Records from a collection:
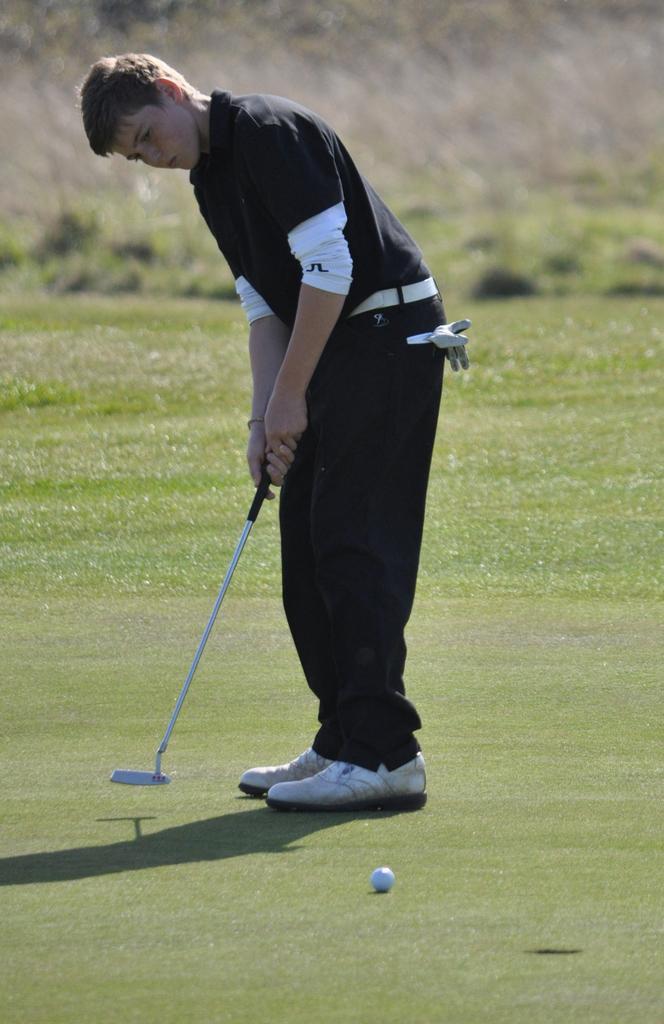Could you give a brief overview of what you see in this image? In this image we can see a person standing and holding a golf bat. At the bottom there is a ball. 
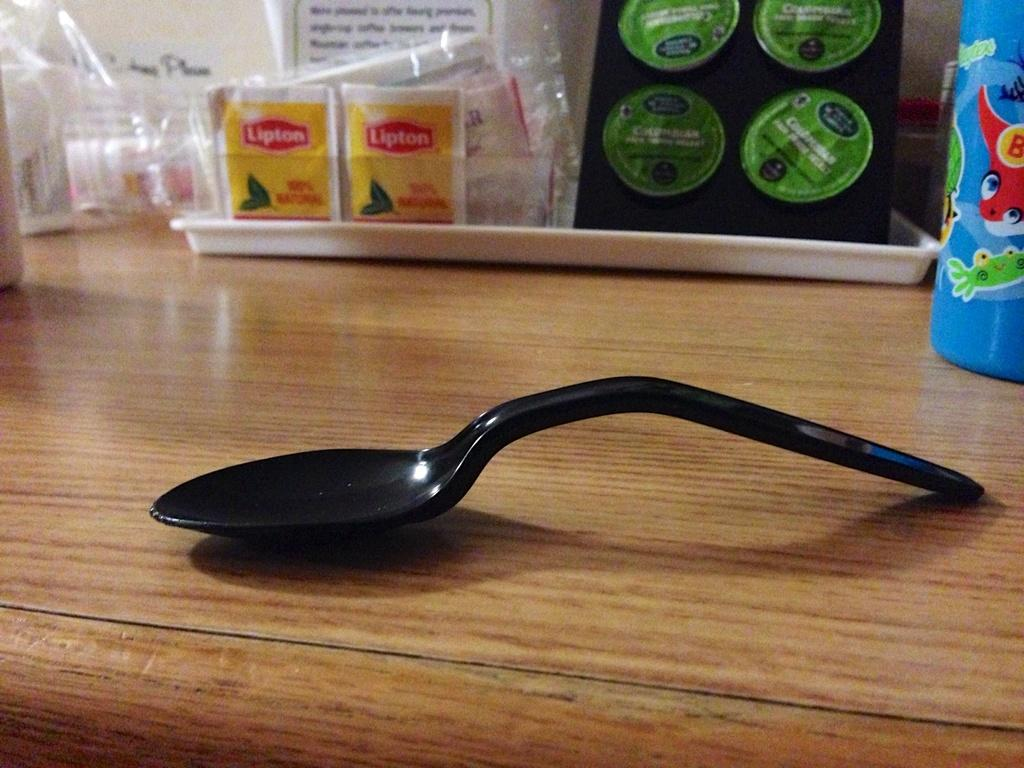What type of table is in the image? There is a wooden table in the image. What color is the spoon on the table? The spoon on the table is black in color. What is on the table besides the spoon? There is a white tray and a blue color water bottle on the table. What items are on the tray? There are tea bags on the tray, and it has a black color cover. What is the title of the book that is being read at the table? There is no book or reading activity depicted in the image. 
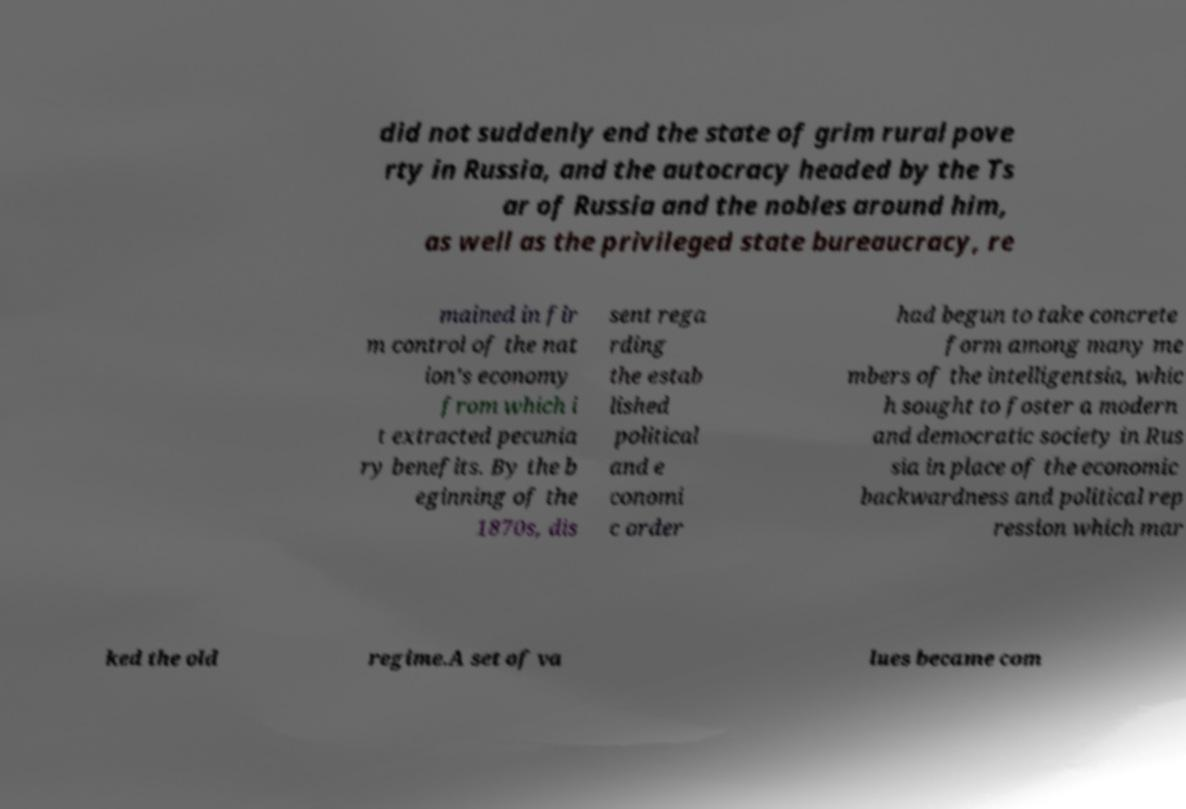Could you extract and type out the text from this image? did not suddenly end the state of grim rural pove rty in Russia, and the autocracy headed by the Ts ar of Russia and the nobles around him, as well as the privileged state bureaucracy, re mained in fir m control of the nat ion's economy from which i t extracted pecunia ry benefits. By the b eginning of the 1870s, dis sent rega rding the estab lished political and e conomi c order had begun to take concrete form among many me mbers of the intelligentsia, whic h sought to foster a modern and democratic society in Rus sia in place of the economic backwardness and political rep ression which mar ked the old regime.A set of va lues became com 
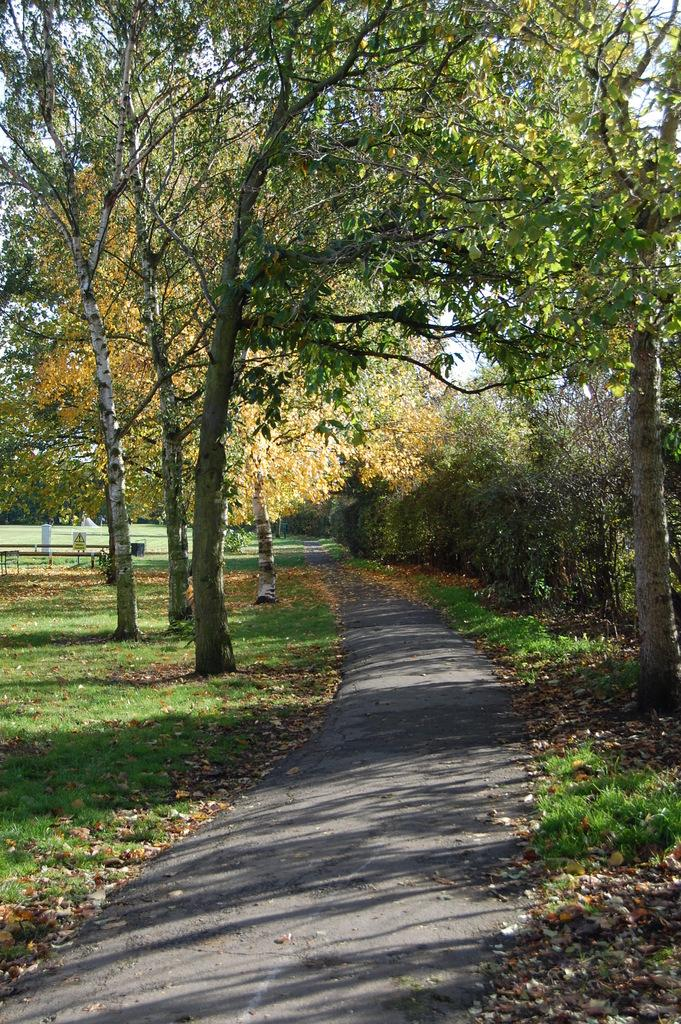What type of vegetation can be seen on either side of the road in the image? There are trees and grass on either side of the road in the image. What is the weather like in the image? It appears to be a sunny day in the image. What can be seen in the sky in the image? The sky is visible in the image. What type of force is being applied to the coal in the image? There is no coal present in the image, so no force is being applied to it. How does the soap interact with the trees on either side of the road in the image? There is no soap present in the image, so it cannot interact with the trees. 
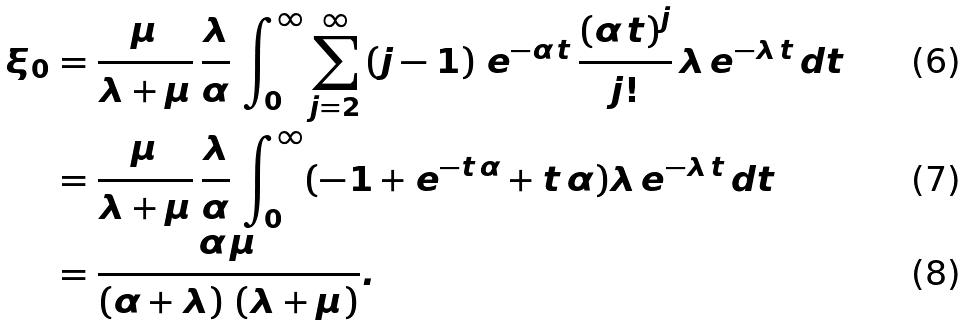Convert formula to latex. <formula><loc_0><loc_0><loc_500><loc_500>\xi _ { 0 } & = \frac { \mu } { \lambda + \mu } \, \frac { \lambda } { \alpha } \, \int _ { 0 } ^ { \infty } \sum _ { j = 2 } ^ { \infty } \left ( j - 1 \right ) \, e ^ { - \alpha \, t } \, \frac { { \left ( \alpha \, t \right ) } ^ { j } } { j ! } \, \lambda \, e ^ { - \lambda \, t } \, d t \\ & = \frac { \mu } { \lambda + \mu } \, \frac { \lambda } { \alpha } \, \int _ { 0 } ^ { \infty } ( - 1 + e ^ { - t \, \alpha } + t \, \alpha ) \lambda \, e ^ { - \lambda \, t } \, d t \\ & = \frac { \alpha \, \mu } { \left ( \alpha + \lambda \right ) \, \left ( \lambda + \mu \right ) } .</formula>

_WHAT THE TASK REQUIRES_: Repeat word for word the lines above, from the first entry through the line containing "What type of table", with both ends kept and the pictures dropped.

_EXERCISE SOLUTION_:
Could you give a brief overview of what you see in this image? In this image we can see a person standing and holding a golf bat. At the bottom there is a ball. 
What type of table is in the image? There is a wooden table in the image. What color is the spoon on the table? The spoon on the table is black in color. What is on the table besides the spoon? There is a white tray and a blue color water bottle on the table. What items are on the tray? There are tea bags on the tray, and it has a black color cover. What is the title of the book that is being read at the table? There is no book or reading activity depicted in the image. 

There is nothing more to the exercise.